▶ ABOUT THIS TASK: Apart from the pictures, print the data below exactly as given.

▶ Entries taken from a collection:
-------
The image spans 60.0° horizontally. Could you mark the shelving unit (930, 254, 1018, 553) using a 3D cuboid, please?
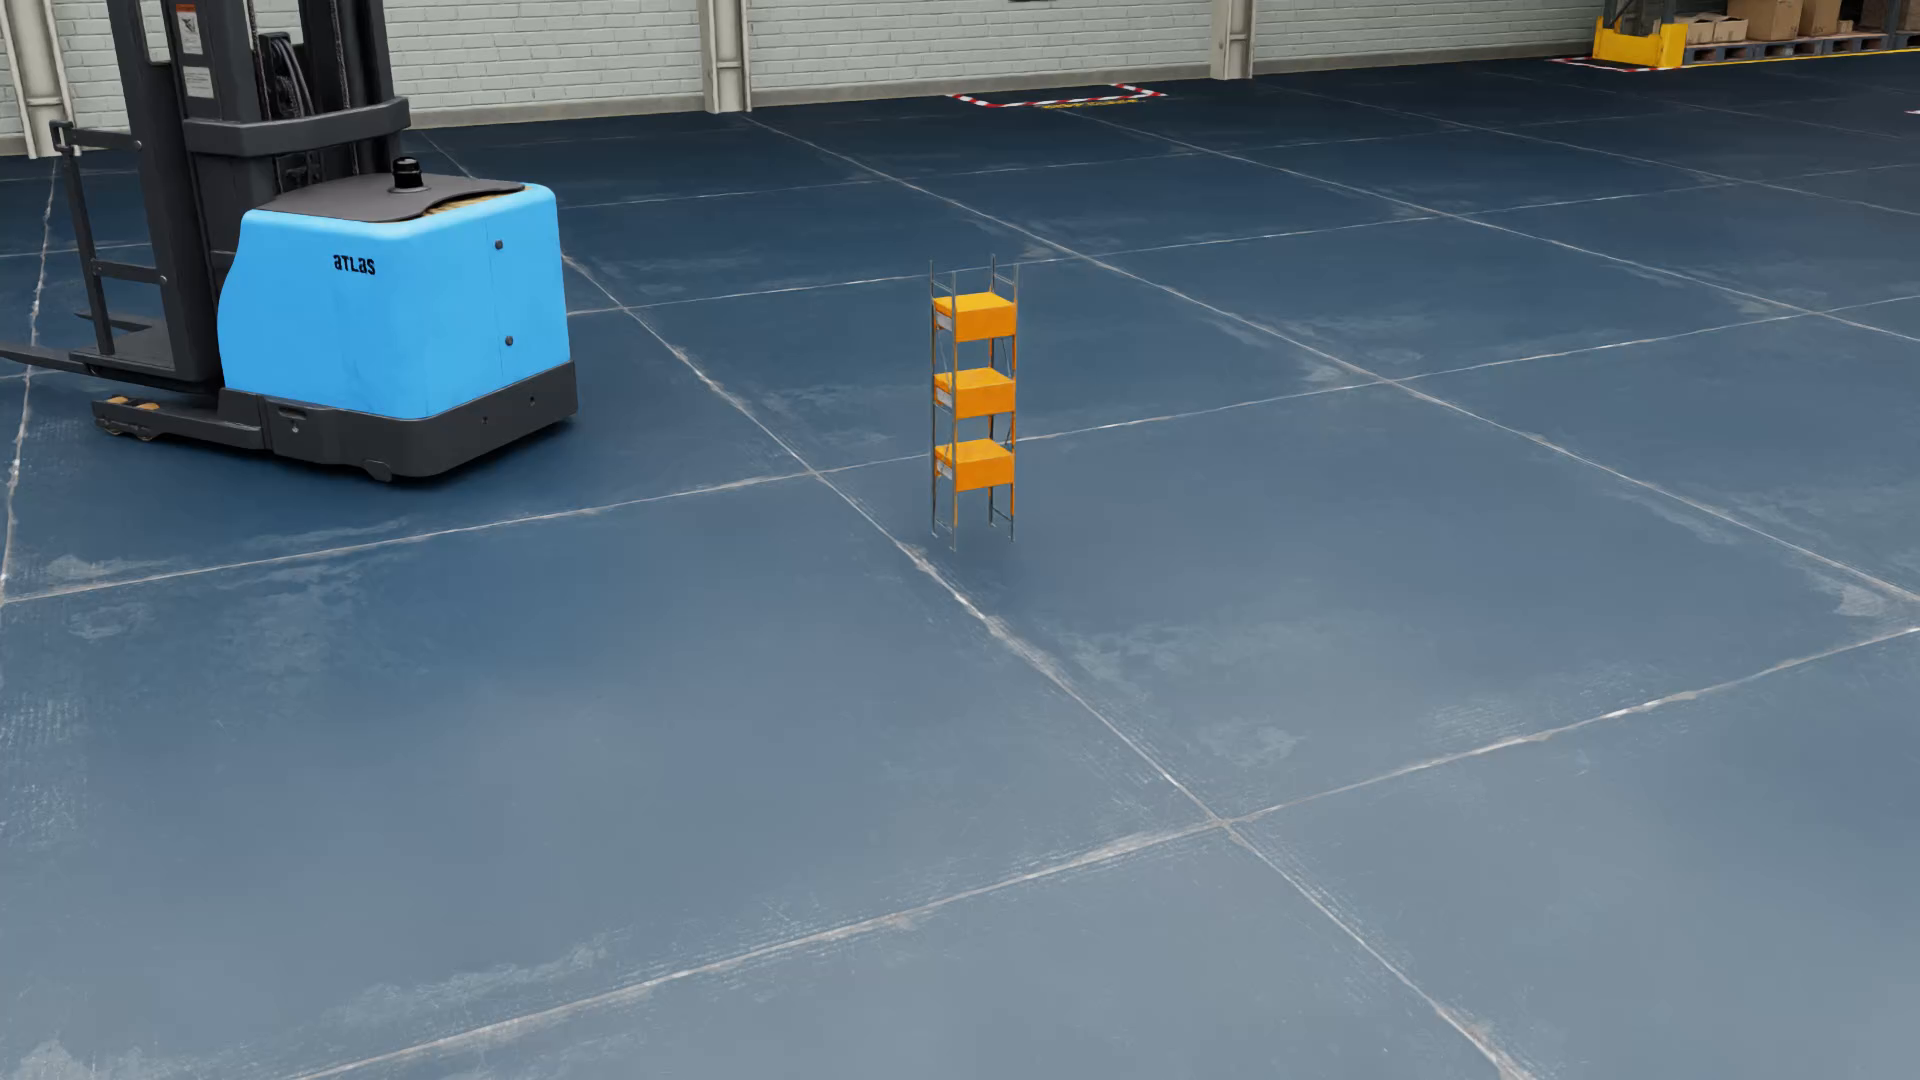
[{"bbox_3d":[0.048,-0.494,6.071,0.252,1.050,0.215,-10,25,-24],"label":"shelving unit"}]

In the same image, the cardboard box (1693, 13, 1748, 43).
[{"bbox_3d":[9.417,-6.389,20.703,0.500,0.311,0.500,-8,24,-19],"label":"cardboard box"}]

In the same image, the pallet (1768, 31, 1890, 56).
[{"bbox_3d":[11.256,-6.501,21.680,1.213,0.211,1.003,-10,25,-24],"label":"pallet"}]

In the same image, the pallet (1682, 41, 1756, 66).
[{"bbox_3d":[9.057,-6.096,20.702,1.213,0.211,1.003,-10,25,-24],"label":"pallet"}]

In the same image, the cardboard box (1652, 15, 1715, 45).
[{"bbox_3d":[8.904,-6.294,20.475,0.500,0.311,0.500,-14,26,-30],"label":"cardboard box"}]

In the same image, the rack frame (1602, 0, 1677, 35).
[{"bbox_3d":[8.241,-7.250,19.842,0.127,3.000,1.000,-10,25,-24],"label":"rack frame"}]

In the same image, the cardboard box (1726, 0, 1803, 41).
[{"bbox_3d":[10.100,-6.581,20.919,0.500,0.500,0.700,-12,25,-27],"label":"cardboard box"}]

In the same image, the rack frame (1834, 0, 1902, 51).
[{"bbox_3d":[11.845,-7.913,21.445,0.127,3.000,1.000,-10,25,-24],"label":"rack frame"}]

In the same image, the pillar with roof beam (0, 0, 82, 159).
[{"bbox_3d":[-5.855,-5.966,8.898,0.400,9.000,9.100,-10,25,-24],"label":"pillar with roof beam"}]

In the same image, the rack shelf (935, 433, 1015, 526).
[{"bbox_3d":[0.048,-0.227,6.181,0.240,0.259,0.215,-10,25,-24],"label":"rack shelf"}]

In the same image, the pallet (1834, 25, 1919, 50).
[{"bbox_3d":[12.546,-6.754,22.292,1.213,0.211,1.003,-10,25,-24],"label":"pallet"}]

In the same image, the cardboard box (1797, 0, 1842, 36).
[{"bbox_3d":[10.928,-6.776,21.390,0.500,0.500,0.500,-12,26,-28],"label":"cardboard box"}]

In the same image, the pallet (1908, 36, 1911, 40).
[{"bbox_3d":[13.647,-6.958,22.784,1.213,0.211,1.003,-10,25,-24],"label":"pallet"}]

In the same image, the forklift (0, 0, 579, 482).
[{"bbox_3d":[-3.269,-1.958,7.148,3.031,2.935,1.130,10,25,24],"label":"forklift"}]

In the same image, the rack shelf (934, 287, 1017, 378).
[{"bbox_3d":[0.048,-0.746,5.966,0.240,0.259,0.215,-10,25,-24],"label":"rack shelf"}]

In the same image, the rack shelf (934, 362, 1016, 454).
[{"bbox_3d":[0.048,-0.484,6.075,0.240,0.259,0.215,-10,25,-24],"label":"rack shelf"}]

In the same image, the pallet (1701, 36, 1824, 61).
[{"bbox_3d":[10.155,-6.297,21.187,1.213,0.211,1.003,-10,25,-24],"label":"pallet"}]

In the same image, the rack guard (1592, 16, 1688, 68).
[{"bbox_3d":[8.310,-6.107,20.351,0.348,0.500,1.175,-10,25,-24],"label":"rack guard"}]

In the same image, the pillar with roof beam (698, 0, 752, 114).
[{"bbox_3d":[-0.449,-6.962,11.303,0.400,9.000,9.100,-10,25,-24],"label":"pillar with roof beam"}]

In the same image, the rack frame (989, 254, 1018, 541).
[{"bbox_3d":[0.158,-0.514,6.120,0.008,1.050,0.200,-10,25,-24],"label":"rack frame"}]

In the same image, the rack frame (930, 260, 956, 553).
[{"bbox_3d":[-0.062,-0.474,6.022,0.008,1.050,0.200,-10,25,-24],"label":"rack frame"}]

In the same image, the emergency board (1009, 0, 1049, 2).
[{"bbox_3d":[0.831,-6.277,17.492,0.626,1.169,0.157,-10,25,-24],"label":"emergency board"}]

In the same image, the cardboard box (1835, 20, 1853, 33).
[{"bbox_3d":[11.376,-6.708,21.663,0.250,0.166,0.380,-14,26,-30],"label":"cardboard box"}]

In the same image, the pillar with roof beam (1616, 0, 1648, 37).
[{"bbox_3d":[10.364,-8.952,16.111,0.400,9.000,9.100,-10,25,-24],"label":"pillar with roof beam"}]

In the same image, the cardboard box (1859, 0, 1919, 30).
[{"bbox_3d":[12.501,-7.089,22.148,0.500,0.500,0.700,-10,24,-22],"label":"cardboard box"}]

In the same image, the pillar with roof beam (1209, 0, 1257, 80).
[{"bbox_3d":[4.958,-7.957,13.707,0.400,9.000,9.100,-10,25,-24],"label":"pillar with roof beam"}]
-------
▶ RESULT FOR THIS EXERCISE:
The image spans 60.0° horizontally. Could you mark the shelving unit (930, 254, 1018, 553) using a 3D cuboid, please?
[{"bbox_3d":[0.048,-0.494,6.071,0.252,1.050,0.215,-10,25,-24],"label":"shelving unit"}]

In the same image, the cardboard box (1693, 13, 1748, 43).
[{"bbox_3d":[9.417,-6.389,20.703,0.500,0.311,0.500,-8,24,-19],"label":"cardboard box"}]

In the same image, the pallet (1768, 31, 1890, 56).
[{"bbox_3d":[11.256,-6.501,21.680,1.213,0.211,1.003,-10,25,-24],"label":"pallet"}]

In the same image, the pallet (1682, 41, 1756, 66).
[{"bbox_3d":[9.057,-6.096,20.702,1.213,0.211,1.003,-10,25,-24],"label":"pallet"}]

In the same image, the cardboard box (1652, 15, 1715, 45).
[{"bbox_3d":[8.904,-6.294,20.475,0.500,0.311,0.500,-14,26,-30],"label":"cardboard box"}]

In the same image, the rack frame (1602, 0, 1677, 35).
[{"bbox_3d":[8.241,-7.250,19.842,0.127,3.000,1.000,-10,25,-24],"label":"rack frame"}]

In the same image, the cardboard box (1726, 0, 1803, 41).
[{"bbox_3d":[10.100,-6.581,20.919,0.500,0.500,0.700,-12,25,-27],"label":"cardboard box"}]

In the same image, the rack frame (1834, 0, 1902, 51).
[{"bbox_3d":[11.845,-7.913,21.445,0.127,3.000,1.000,-10,25,-24],"label":"rack frame"}]

In the same image, the pillar with roof beam (0, 0, 82, 159).
[{"bbox_3d":[-5.855,-5.966,8.898,0.400,9.000,9.100,-10,25,-24],"label":"pillar with roof beam"}]

In the same image, the rack shelf (935, 433, 1015, 526).
[{"bbox_3d":[0.048,-0.227,6.181,0.240,0.259,0.215,-10,25,-24],"label":"rack shelf"}]

In the same image, the pallet (1834, 25, 1919, 50).
[{"bbox_3d":[12.546,-6.754,22.292,1.213,0.211,1.003,-10,25,-24],"label":"pallet"}]

In the same image, the cardboard box (1797, 0, 1842, 36).
[{"bbox_3d":[10.928,-6.776,21.390,0.500,0.500,0.500,-12,26,-28],"label":"cardboard box"}]

In the same image, the pallet (1908, 36, 1911, 40).
[{"bbox_3d":[13.647,-6.958,22.784,1.213,0.211,1.003,-10,25,-24],"label":"pallet"}]

In the same image, the forklift (0, 0, 579, 482).
[{"bbox_3d":[-3.269,-1.958,7.148,3.031,2.935,1.130,10,25,24],"label":"forklift"}]

In the same image, the rack shelf (934, 287, 1017, 378).
[{"bbox_3d":[0.048,-0.746,5.966,0.240,0.259,0.215,-10,25,-24],"label":"rack shelf"}]

In the same image, the rack shelf (934, 362, 1016, 454).
[{"bbox_3d":[0.048,-0.484,6.075,0.240,0.259,0.215,-10,25,-24],"label":"rack shelf"}]

In the same image, the pallet (1701, 36, 1824, 61).
[{"bbox_3d":[10.155,-6.297,21.187,1.213,0.211,1.003,-10,25,-24],"label":"pallet"}]

In the same image, the rack guard (1592, 16, 1688, 68).
[{"bbox_3d":[8.310,-6.107,20.351,0.348,0.500,1.175,-10,25,-24],"label":"rack guard"}]

In the same image, the pillar with roof beam (698, 0, 752, 114).
[{"bbox_3d":[-0.449,-6.962,11.303,0.400,9.000,9.100,-10,25,-24],"label":"pillar with roof beam"}]

In the same image, the rack frame (989, 254, 1018, 541).
[{"bbox_3d":[0.158,-0.514,6.120,0.008,1.050,0.200,-10,25,-24],"label":"rack frame"}]

In the same image, the rack frame (930, 260, 956, 553).
[{"bbox_3d":[-0.062,-0.474,6.022,0.008,1.050,0.200,-10,25,-24],"label":"rack frame"}]

In the same image, the emergency board (1009, 0, 1049, 2).
[{"bbox_3d":[0.831,-6.277,17.492,0.626,1.169,0.157,-10,25,-24],"label":"emergency board"}]

In the same image, the cardboard box (1835, 20, 1853, 33).
[{"bbox_3d":[11.376,-6.708,21.663,0.250,0.166,0.380,-14,26,-30],"label":"cardboard box"}]

In the same image, the pillar with roof beam (1616, 0, 1648, 37).
[{"bbox_3d":[10.364,-8.952,16.111,0.400,9.000,9.100,-10,25,-24],"label":"pillar with roof beam"}]

In the same image, the cardboard box (1859, 0, 1919, 30).
[{"bbox_3d":[12.501,-7.089,22.148,0.500,0.500,0.700,-10,24,-22],"label":"cardboard box"}]

In the same image, the pillar with roof beam (1209, 0, 1257, 80).
[{"bbox_3d":[4.958,-7.957,13.707,0.400,9.000,9.100,-10,25,-24],"label":"pillar with roof beam"}]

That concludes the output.